◆ Try it ◆
Every line of the material below in which "fcel" shows up is to be located and copied.

Segment Open

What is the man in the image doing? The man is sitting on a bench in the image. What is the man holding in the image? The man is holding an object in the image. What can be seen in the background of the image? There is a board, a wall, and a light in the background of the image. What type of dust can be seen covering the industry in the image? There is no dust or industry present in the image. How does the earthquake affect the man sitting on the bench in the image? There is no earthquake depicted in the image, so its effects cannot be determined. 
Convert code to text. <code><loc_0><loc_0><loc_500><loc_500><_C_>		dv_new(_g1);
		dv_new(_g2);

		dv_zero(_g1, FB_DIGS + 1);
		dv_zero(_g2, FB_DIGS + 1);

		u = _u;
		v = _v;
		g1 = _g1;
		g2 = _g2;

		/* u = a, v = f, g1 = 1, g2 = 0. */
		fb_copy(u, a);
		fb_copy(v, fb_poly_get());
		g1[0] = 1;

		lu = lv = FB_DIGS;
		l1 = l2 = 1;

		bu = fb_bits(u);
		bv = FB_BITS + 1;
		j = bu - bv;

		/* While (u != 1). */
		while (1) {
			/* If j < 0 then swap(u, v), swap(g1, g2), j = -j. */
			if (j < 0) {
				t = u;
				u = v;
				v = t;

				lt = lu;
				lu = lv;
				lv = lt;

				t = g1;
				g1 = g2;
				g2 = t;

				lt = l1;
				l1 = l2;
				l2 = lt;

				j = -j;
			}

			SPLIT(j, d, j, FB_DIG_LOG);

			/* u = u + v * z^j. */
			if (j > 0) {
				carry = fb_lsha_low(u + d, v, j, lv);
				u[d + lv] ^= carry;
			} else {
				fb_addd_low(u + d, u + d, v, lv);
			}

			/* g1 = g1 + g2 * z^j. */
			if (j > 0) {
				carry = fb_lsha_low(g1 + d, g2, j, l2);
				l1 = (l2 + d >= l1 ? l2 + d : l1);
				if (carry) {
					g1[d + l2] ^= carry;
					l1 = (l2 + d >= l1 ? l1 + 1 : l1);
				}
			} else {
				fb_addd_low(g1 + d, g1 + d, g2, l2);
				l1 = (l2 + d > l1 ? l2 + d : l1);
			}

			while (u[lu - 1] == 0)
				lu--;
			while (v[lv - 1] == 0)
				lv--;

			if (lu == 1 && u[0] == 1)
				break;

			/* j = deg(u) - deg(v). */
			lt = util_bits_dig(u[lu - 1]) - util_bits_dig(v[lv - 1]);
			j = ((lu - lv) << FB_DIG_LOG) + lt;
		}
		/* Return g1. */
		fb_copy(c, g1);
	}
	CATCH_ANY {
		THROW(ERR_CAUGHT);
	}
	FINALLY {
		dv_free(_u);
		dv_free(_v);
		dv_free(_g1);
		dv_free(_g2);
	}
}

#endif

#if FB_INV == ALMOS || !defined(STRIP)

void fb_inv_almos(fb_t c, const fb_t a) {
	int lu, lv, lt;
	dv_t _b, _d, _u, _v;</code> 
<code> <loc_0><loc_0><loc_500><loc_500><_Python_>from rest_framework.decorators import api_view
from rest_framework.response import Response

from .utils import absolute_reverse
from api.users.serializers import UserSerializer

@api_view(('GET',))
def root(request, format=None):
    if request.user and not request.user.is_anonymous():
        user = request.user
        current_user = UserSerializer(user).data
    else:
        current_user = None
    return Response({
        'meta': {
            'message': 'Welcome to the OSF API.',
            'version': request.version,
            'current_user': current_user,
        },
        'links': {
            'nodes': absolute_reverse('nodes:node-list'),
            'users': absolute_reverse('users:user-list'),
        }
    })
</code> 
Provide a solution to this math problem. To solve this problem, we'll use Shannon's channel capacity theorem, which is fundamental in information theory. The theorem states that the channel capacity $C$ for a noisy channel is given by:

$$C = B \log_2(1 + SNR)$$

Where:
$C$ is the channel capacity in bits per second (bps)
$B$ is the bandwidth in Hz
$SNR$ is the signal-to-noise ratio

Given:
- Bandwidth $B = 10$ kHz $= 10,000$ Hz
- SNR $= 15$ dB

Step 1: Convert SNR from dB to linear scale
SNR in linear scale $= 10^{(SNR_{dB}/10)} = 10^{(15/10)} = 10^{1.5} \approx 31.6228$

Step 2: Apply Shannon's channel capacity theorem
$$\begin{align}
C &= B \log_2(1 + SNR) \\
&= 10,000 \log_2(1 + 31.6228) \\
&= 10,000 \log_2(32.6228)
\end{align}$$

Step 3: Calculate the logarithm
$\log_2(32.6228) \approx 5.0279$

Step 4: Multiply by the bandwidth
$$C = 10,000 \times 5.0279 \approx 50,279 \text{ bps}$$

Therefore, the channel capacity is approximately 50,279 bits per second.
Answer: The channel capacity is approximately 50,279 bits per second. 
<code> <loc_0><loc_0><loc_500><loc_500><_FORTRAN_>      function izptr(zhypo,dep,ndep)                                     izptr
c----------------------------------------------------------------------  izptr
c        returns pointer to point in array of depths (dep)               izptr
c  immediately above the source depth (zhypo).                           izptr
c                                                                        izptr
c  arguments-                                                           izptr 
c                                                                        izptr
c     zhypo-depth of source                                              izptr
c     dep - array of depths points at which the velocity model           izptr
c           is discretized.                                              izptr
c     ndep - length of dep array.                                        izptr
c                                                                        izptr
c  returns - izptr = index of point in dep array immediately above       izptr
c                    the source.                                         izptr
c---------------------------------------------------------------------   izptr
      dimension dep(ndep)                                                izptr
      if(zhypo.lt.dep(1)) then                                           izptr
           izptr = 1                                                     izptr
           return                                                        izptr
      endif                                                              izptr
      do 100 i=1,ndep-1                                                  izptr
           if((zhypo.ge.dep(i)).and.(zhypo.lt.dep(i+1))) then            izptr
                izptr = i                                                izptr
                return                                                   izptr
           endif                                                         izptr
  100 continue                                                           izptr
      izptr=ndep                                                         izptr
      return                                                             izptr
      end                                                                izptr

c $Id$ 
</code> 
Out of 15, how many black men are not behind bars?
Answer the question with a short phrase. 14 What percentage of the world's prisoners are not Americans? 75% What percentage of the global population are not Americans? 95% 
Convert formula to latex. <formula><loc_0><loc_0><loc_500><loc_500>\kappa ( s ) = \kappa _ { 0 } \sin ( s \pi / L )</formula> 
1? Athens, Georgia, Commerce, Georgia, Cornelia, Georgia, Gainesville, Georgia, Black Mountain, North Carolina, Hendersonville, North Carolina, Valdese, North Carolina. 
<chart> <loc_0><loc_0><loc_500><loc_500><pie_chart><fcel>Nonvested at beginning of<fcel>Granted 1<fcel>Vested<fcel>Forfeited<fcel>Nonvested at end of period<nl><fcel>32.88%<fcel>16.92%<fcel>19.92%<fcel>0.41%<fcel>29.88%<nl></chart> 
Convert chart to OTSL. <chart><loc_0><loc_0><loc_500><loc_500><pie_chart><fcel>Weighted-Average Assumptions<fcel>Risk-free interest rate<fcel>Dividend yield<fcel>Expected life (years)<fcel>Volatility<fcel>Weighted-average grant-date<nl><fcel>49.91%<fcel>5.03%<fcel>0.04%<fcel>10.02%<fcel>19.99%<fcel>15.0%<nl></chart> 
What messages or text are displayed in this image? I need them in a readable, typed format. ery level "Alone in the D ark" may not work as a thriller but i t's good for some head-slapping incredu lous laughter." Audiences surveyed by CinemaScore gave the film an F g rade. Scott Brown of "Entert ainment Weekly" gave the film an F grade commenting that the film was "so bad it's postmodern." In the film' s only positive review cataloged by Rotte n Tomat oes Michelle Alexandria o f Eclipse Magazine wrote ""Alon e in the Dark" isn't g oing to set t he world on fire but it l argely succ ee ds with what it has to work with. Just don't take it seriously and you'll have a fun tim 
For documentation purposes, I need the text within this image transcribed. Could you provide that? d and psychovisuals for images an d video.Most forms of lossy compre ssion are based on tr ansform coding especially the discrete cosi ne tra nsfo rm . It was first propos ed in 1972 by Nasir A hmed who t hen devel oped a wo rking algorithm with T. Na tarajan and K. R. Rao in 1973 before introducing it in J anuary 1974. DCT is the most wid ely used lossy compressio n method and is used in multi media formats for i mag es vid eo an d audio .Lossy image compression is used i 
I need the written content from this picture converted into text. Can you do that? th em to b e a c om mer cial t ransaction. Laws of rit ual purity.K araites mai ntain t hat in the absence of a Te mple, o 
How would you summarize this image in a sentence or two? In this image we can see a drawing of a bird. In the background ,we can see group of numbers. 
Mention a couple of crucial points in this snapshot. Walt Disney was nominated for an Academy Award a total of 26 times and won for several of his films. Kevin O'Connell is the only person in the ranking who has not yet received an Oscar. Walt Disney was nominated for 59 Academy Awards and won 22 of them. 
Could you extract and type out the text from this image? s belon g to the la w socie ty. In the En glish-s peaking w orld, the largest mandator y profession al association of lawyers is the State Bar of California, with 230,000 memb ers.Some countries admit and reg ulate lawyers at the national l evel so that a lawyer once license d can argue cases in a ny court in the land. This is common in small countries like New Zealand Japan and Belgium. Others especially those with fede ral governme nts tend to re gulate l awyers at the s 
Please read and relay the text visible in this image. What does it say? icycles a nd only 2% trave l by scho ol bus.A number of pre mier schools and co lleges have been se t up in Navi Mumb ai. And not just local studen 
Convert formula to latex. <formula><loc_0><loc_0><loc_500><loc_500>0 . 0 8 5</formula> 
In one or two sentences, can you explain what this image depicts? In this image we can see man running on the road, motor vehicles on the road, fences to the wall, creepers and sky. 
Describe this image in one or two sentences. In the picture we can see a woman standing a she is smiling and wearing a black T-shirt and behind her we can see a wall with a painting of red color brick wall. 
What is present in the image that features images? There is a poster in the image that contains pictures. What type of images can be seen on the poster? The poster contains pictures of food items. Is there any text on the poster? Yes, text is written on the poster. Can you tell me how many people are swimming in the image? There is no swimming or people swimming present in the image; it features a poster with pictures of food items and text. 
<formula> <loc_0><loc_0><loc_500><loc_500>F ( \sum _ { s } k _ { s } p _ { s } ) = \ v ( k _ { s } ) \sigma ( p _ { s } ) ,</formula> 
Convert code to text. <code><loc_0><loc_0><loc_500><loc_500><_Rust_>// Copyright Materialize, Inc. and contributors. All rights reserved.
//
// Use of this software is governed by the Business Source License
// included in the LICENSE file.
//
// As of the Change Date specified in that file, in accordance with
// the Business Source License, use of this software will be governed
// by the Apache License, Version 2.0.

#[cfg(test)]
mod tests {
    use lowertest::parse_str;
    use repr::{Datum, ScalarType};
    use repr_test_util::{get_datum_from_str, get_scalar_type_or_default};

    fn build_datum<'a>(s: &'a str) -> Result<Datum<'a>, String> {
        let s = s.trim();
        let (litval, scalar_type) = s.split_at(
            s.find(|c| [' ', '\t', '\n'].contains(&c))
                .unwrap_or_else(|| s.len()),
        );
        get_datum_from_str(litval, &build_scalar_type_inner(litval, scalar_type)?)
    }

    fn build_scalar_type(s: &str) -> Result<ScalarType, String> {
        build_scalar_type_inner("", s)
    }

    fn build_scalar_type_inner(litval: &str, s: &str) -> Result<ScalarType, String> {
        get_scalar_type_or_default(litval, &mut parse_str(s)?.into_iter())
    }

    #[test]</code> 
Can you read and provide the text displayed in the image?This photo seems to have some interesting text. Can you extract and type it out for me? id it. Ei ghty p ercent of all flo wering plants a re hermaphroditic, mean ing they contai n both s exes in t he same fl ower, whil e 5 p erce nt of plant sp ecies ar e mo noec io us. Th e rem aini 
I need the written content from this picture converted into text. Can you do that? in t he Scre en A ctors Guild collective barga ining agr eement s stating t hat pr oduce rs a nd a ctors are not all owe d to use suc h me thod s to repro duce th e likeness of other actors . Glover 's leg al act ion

Segment Closed

◆ Written response ◆
<chart> <loc_0><loc_0><loc_500><loc_500><pie_chart><fcel>Nonvested at beginning of<fcel>Granted 1<fcel>Vested<fcel>Forfeited<fcel>Nonvested at end of period<nl><fcel>32.88%<fcel>16.92%<fcel>19.92%<fcel>0.41%<fcel>29.88%<nl></chart> 
Convert chart to OTSL. <chart><loc_0><loc_0><loc_500><loc_500><pie_chart><fcel>Weighted-Average Assumptions<fcel>Risk-free interest rate<fcel>Dividend yield<fcel>Expected life (years)<fcel>Volatility<fcel>Weighted-average grant-date<nl><fcel>49.91%<fcel>5.03%<fcel>0.04%<fcel>10.02%<fcel>19.99%<fcel>15.0%<nl></chart> 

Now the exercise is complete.